In this embodiment the processors are connected to their nearest-neighbor using multi-bit links. In other embodiments other types of inter-processor message passing link technology and network topology are used. These include: single-bit serial links and multi-but links, links, packet-routed links in nearest neighbor, N-th neighbor, hieratical and hyper cube networks.

In this embodiment the processors communications may be routed directly between processors and the processor's inter-processor-communication hardware will autonomously pass on transfers travelling to other processors. In other embodiments communications are routed though intermediate router blocks. In other embodiments the processors inter-processor-communication hardware is not autonomous and the routing through of communications in the processor's program.

In this embodiment the transaction label is used by the assembler to align the time of send and receive instructions so they occur on separate processor at the same time. The transaction label is also used to encode the relative position of the receiving processor in the machine code performing the transmission. In other embodiments the absolute position of the receiving processor is encoded. In other embodiments another unique identifier of the receiving processor is encoded.

At receiving processor the transaction label is used to code the input channel on which to expect the communication. This embodiment aligns the time of the sending and receiving instructions making the inter-processor links simple at the cost of constraining the performance of the links by requiring them to operate in one cycle. This also puts constraints on position of instructions in the machine code relative to the start of the program-cycle. Other embodiments align transaction code in each processor with a fixed offset giving more time for the link to pass information. Other embodiments encode an offset for transactions in the machine-code instruction which relaxes the constraints on positioning of send and receive instructions. Allowing offset that are longer than the link latency adds a requirement for buffering somewhere in the processors or inter-processor link.

In other embodiments the transaction label is used to allocate a unique tag for the transaction. The tag must at least be unique across the range of time the transmission could take place and across the region of the multi-processor though which the message could pass. Tags that are unique between the sending a receiving processor can be used to identify transactions between the two processors. These are most useful for direct communications. Tags that are unique across part or all of the multi-processor can also be used to route communications through intermediate processors or routers.

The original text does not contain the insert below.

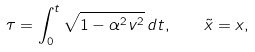<formula> <loc_0><loc_0><loc_500><loc_500>\tau = \int _ { 0 } ^ { t } \sqrt { 1 - \alpha ^ { 2 } v ^ { 2 } } \, d t , \quad \tilde { x } = x ,</formula> 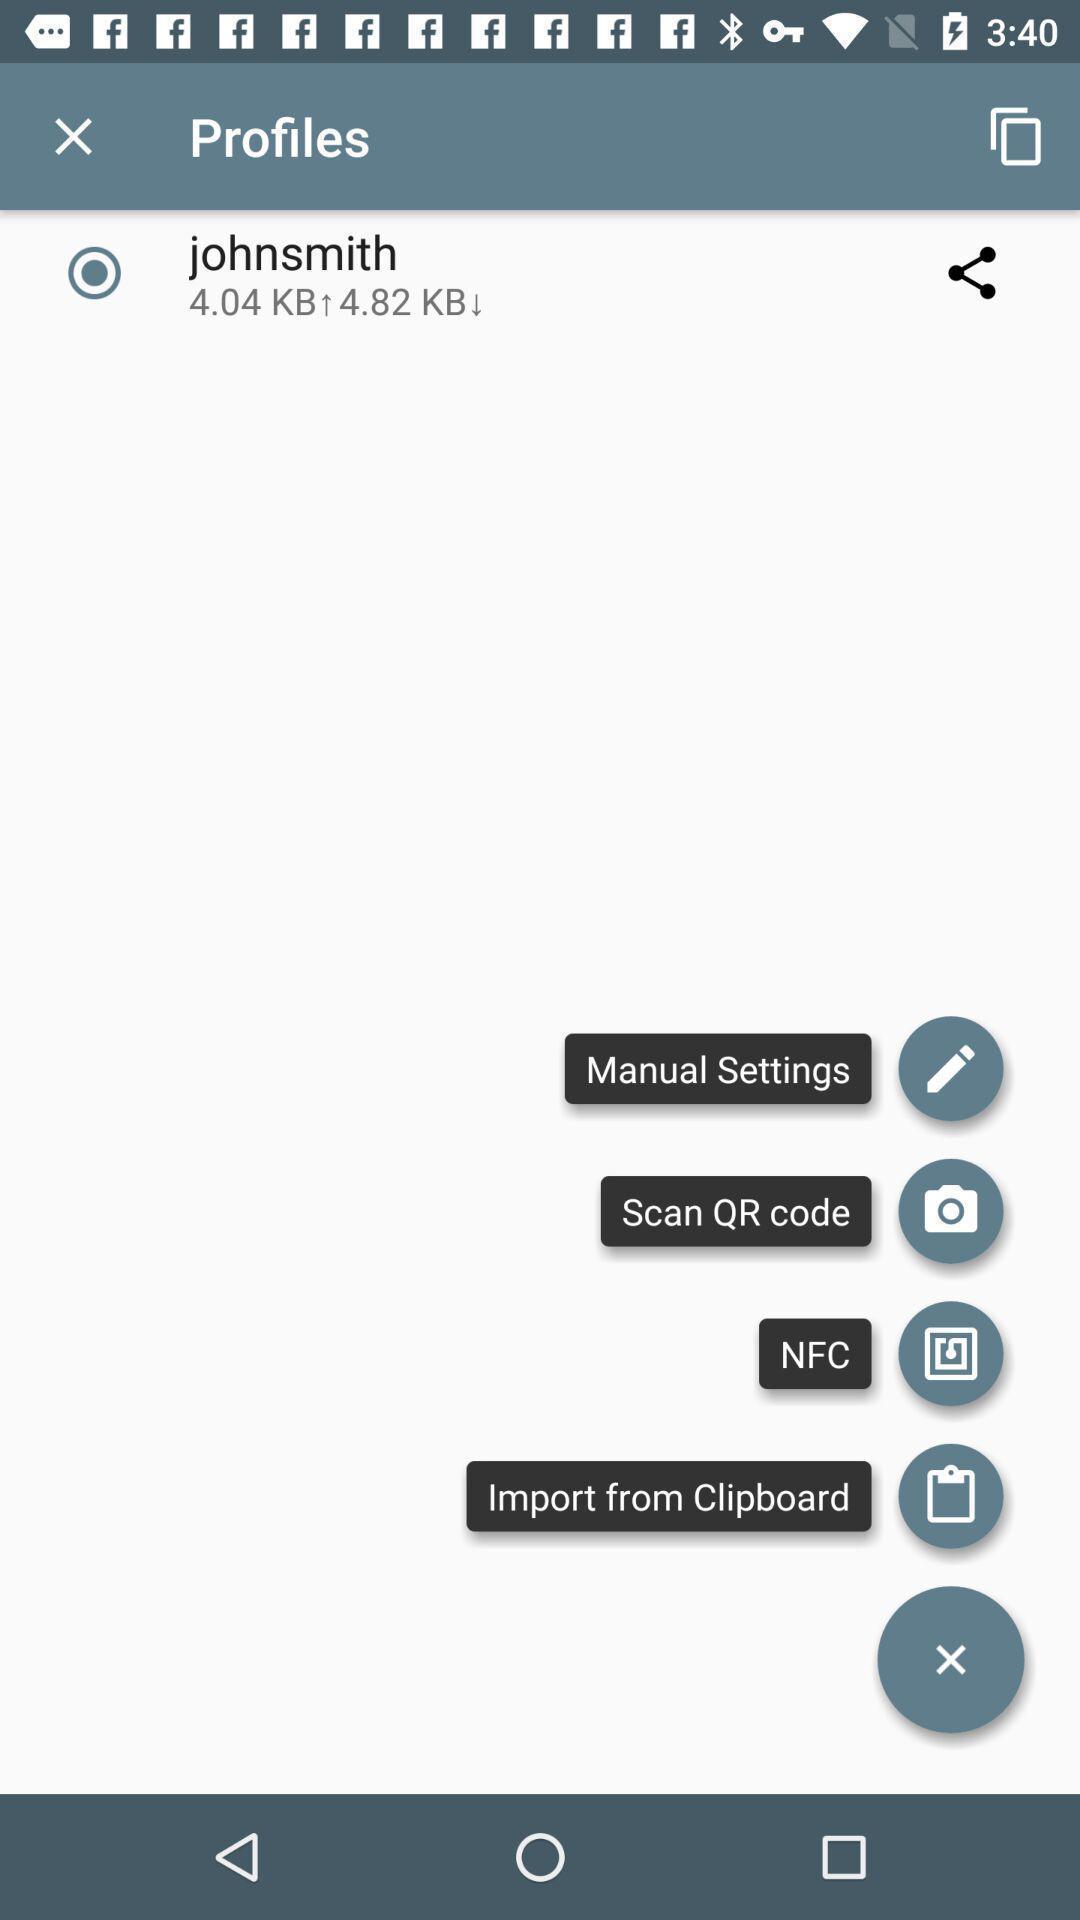Explain the elements present in this screenshot. Screen displaying the icons and its functions.

FIG. 5e is a pseudo-code execution trace of two program-cycles of the cycle based program. The operations performed in each processor clock cycle are shown as is the start of each program-cycle.

In this embodiment the processor executes instruction in-order and can execute up to one communication instruction (send or receive) and one other instruction in parallel per processor-cycle. In other embodiments the processor executes one instruction per cycle. In other embodiments the processor executes other number of instructions in parallel. In other embodiments the processor executes the instructions out-of-order.

There follows a description of the activity on processor 0:

1. This instruction starts a new program-cycle in this embodiment it is aligned in the static schedule with the same instruction on processor 1. In other embodiments the instruction may not be needed with the alignment occurring implicitly on the first instruction or communication. In other embodiments the alignment occurs though a program-wide synchronization signal between processor 1 and processor 0. This in turn allows the number of processor-cycle per program-cycle to vary dynamically depending on the work required in a given processor cycle. In other embodiments the number of processor-cycle per program-cycle to vary dynamically as long as all processors running part of the program communicate enough information for them all to execute the same number of processor-cycle per program-cycle.

2. This is an empty cycle. It is required because processor 0 cannot do anything useful until it receives transmission “x_count*”. In this embodiment it is implemented using a NOP instruction that puts the processor into a power reduced state for a cycle. In other embodiments a NOP may not be needed with execution beginning at an offset from the start of the program cycle or being triggered by receiving an inter-processor communication. In a dynamic schedule this empty-cycle could be removed potentially reducing the number of processor cycles in the program-cycle or saving power at the end of the program-cycle by allowing the processor to enter an idle state at reduced power.

3. The value of transmission labeled “x_count*” is received into register R0.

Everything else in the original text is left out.